I can certainly acknowledge the import of In My Lifetime, Vol. 2 as a common denominator in my freshman dorm or for the fact that the first “Jay-Z as actual superstar” record owes its status in large part to a song that has somehow has Amil and Ja Rule on it. Or that “Ryde Or Die”/”Jigga What”/”Money Cash Hoes” triptych whose hooks have like ten words combined. Even Kool Keith put in more effort than that. But really, I can think we can remember where we all were the first time we heard “Reservoir Dogs” and were promised a decade’s worth of Beanie Sigel saying “pressure bust pipes” whenever humanly possible.
Locked up with dirty white boys and Ricans
And I suppose it’s a fairly accurate image of the music industry at the time that CDs were something I’d literally buy at any given time- like, say, at a train station. That’s where I picked up my copy of In My Lifetime, Vol. 3 to soundtrack what would end up being a night’s stay at an Alexandria, VA Holiday Inn due to a terrible miscommunication with people I am no longer friends with involving travel plans to the MicronPC.com Bowl, which Virginia would lose by about two hundred points. I suppose I could’ve rounded out the 20th century on a better note.
Then there was Roc La Familia, which was critical in determining I wouldn’t spend $18 on a Memhpis Bleek solo album, but I would spend $18 on an album that merely intentionally earmarked a lot of room for Bleek. But more importantly, the creation of the term “mental piano” would prepare me to a bold future of sharing inside jokes with the bassist of The Pains of Being Pure at Heart. Of course, then you have The Blueprint, the subject of my one and only failed submissions for 33 1/3- I suppose I couldn’t come off as really invested about its connection to 9/11 considering I had already bought the thing and was at the gym tombout “hey, this Eminem song is pretty fucking tight” with a fellow Cav Daily writer before I even acknowledged the magnitude of it. I thought I was just going to get drunk that night because it was a Tuesday.
For an incredibly confused year between college and grad school that I’ll mostly recall for having bought a PlayStation 2 that served as a facilitator in my Saddle Creek/Victory Beer/Grand Theft Auto menage, Blueprint 2 made a lot of sense, or at least as much sense as a record that combined Lenny Kravitz, Cake and Heavy D on the same track as well as the best six-minute song about buying clothes ever made. Subsequently, The Black Album served as a depository for nearly every subject title I used for my earliest days of law school blogging and I tried to impress a girl by playing “Dirt Off Your Shoulders” on guitar. As I recall I think we both kinda liked it.
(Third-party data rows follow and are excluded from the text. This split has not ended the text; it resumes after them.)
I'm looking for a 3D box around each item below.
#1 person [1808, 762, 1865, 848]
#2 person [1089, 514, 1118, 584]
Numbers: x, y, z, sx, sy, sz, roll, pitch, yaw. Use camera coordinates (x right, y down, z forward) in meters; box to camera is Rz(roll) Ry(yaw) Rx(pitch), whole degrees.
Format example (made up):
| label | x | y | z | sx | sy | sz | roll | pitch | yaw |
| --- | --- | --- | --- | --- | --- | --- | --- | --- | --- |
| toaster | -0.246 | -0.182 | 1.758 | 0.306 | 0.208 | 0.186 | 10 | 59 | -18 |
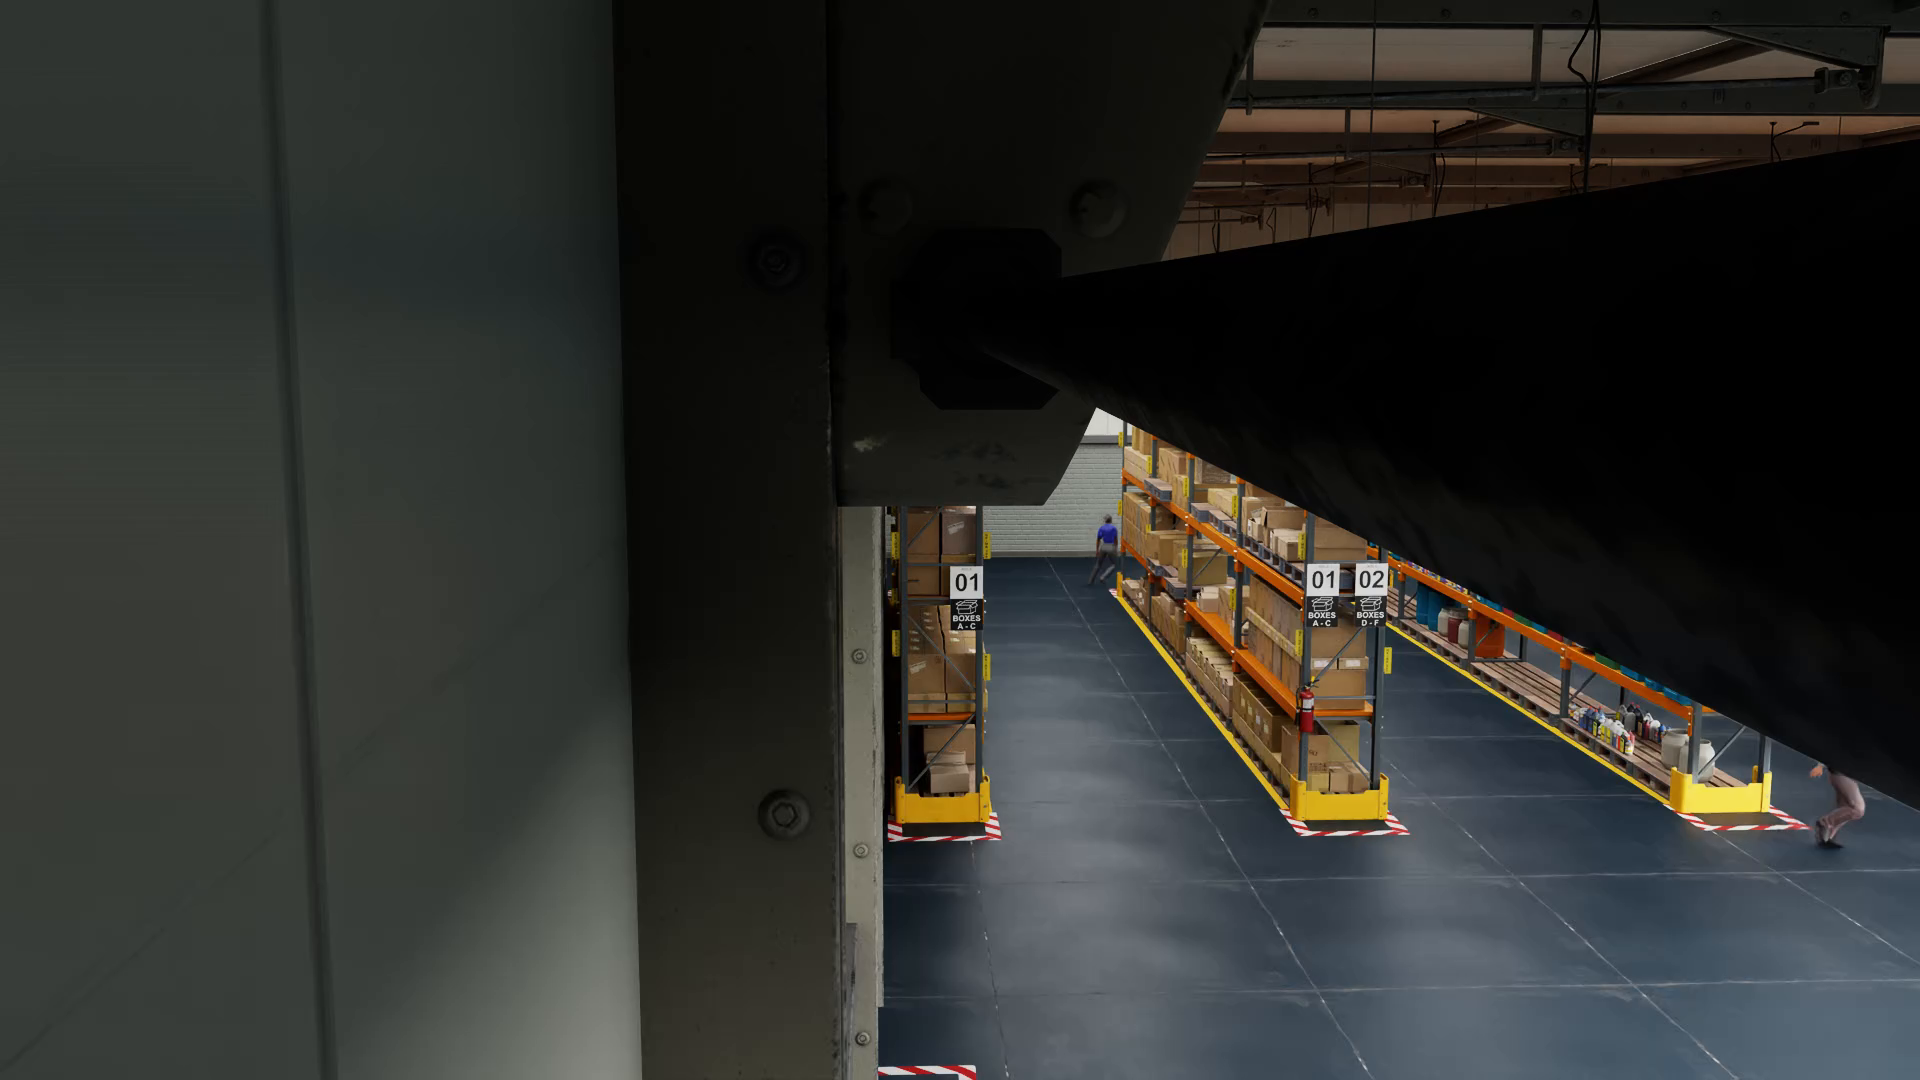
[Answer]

I hate when things are over
And yet, none of them are the recipient of my most intense personal affections. I’m talking about something that has such ludicrous and misplaced aspirations for greatness that it actually is viewed less favorably as an entry in Jay-Z’s catalog than an entire album of mashups he did with Linkin Park. Read that last sentence again. That fucking happened- at this point, it’s hard to remember a time when record buying was the norm instead of a weird pursuit of the hardcore collector and the technologically illiterate, but no more than six years ago, the music industry acted like unlimited money at all times was a fact of life. But nonetheless, Best Of Both Worlds feels like the Jay-Z record that’s more mine than any other- the one LP that I can confidently feel like the world’s foremost expert on. Nobody cares about this record more than I do, certainly not the people responsible for actually making the thing. So if the 33 1/3 peoples do happen to be reading this, holler- the world can no longer be denied my opinions about “Take You Home With Me (AKA Body).”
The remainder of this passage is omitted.